Preferably, the dummy pads 220 f are provided with a cupric oxide coating formed on the surface thereof. The cupric oxide coating 220 a is preferably formed by the method of anodic oxidation: (A) Areas on the flexible film substrate at which it is undesired to form a cupric oxide coating are protected by tapes, e.g., the chip connection pads 220 c , the solder pads 220 d , and conductive traces 220 e ; (B) The flexible film substrate with protective tapes is electrolyzed as the anode in an alkaline solution such as sodium hydroxide electrolytic solution, thereby forming a cupric oxide coating on the surface of the flexible film substrate without protection of tapes. The principal crystal structure of the cupric oxide coating layer is composed of acicular crystals which are black in color and densely packed; hence, the cupric oxide coating has a rough appearance with a color of black. Alternatively, the cupric oxide coating on the dummy pads according to the present invention can be formed by the method of chemical oxidation: the step (A) is identical to the method described above; (B′) The flexible film substrate with protective tapes is immersed in a chemical oxidation solution (such as water solution of 3% sodium chloride, 1% sodium hydroxide and 1% sodium phosphate by weight) and heated at 85° C.
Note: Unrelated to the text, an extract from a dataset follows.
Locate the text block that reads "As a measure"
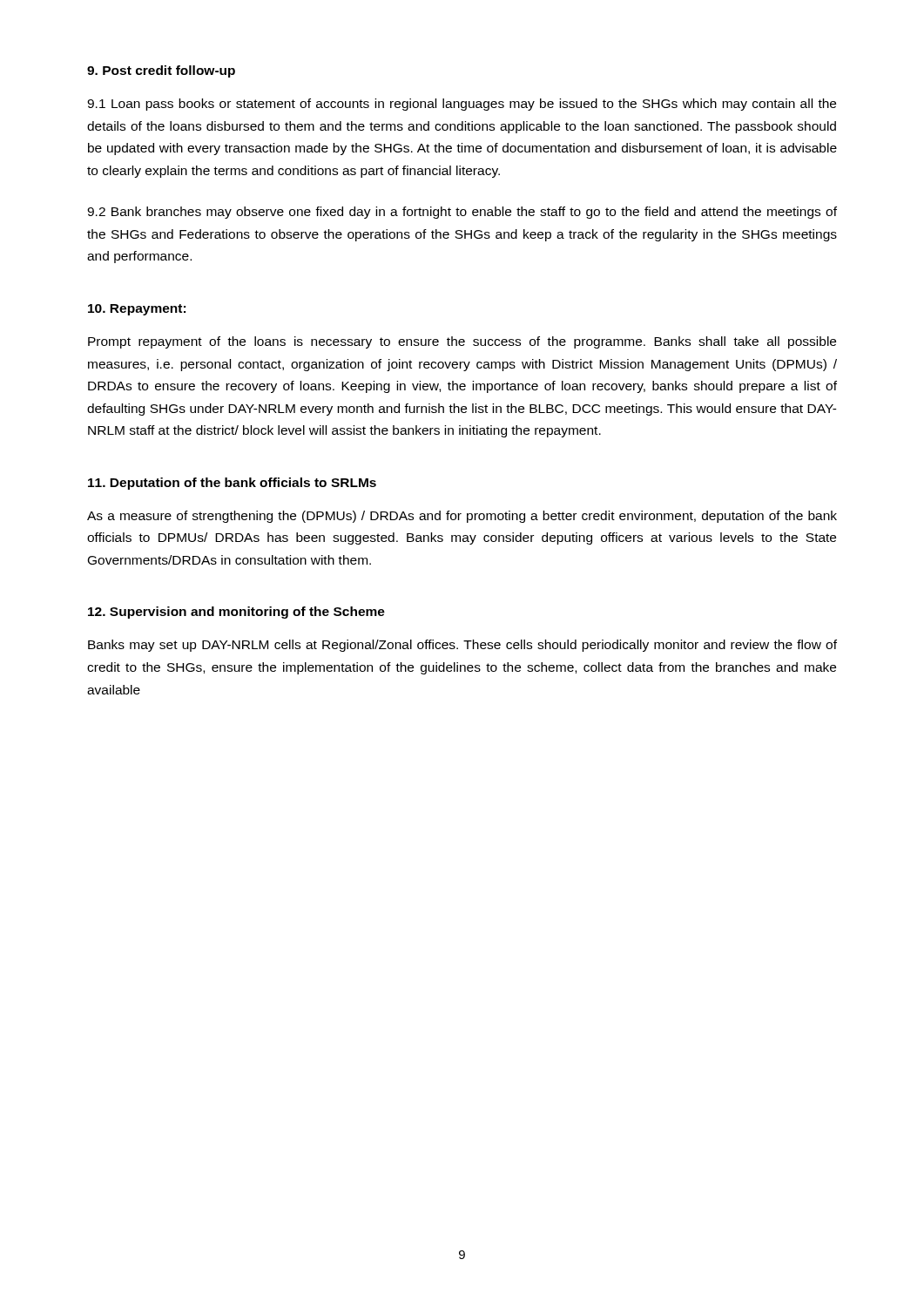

According to one aspect of the present invention, since at least a dummy pad is disposed centrally on the chip attaching area of the flexible film substrate, the central part of the chip attaching area of the substrate has a better rigidity and strength to resist external forces. Further, since the dummy pads of the present invention are evenly distributed on the central part of the chip attaching area, the central part of the chip attaching area has a CTE substantially equal to other part thereof thereby reducing the stress due to CTE mismatch therebetween. Thus, the flexible film substrate in accordance with the present invention greatly reduces the problems of die cracking or delamination.
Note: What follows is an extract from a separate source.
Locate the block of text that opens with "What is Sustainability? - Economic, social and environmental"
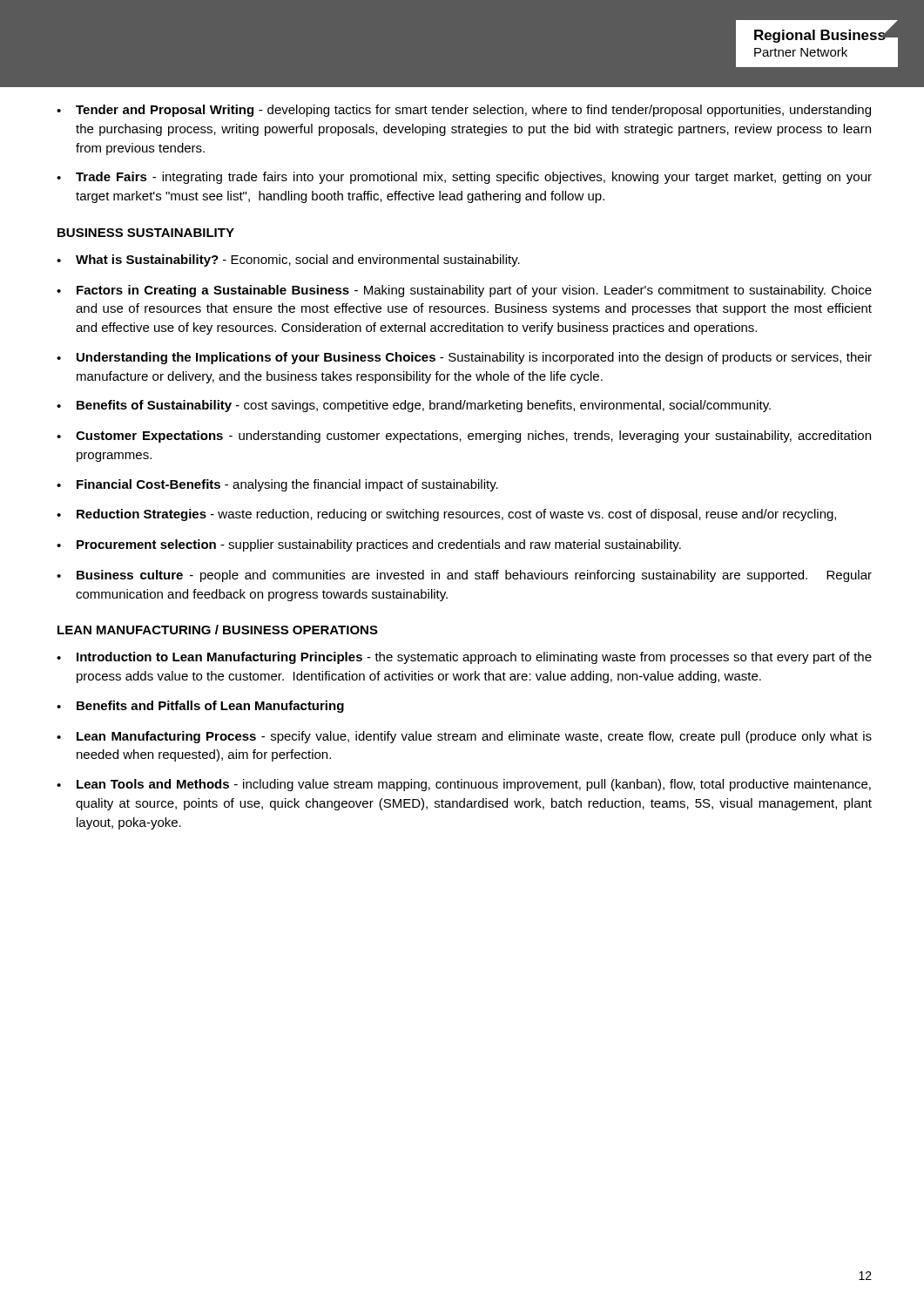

According to another aspect of the present invention, since the cupric oxide coating on the surface of the dummy pads is composed of acicular crystals which are black in color and densely packed, the gaps among the acicular crystals will be filled by the nonconductive adhesive (e.g., epoxy resin) employed in the die attaching process. After curing, the nonconductive adhesive will provide mechanical interlock mechanism to enhance the adhesion between the cupric oxide coating and the nonconductive adhesive, thereby reducing the occurrence of delamination between the flexible film substrate and the nonconductive adhesive.
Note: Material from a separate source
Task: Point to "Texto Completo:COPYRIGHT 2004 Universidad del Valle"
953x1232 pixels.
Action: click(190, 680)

Although the invention has been explained in relation to its preferred embodiment, it is to be understood that many other possible modifications and variations can be made without departing from the spirit and scope of the invention as hereinafter claimed.

Claims

1. A method for manufacturing a flexible film substrate comprising the steps of:providing a flexible film having opposing upper and lower surfaces, the upper surface of the flexible film has a chip attaching area adapted for supporting a semiconductor chip; forming a plurality of through-holes in the flexible film; laminating a metal layer on the upper surface of the flexible film; and etching the metal layer to form a plurality of solder pads, chip connection pads, conductive traces, and at least a dummy pad, wherein the solder pads are disposed corresponding to the through-holes and electrically connected to the chip connection pads through the conductive traces, and the dummy pad is disposed centrally on the chip attaching area.

2. The method as claimed in claim 1, wherein the flexible film is made of polyimide.

3. The method as claimed in claim 1, wherein the metal layer is a copper foil.

4. The method as claimed in claim 3, further comprising a step of forming a cupric oxide coating on the surface of the dummy pad.

5. The method as claimed in claim 4, wherein the cupric oxide coating is formed by means of anodic oxidation.

6. The method as claimed in claim 4, wherein the cupric oxide coating is formed by means of chemical oxidation.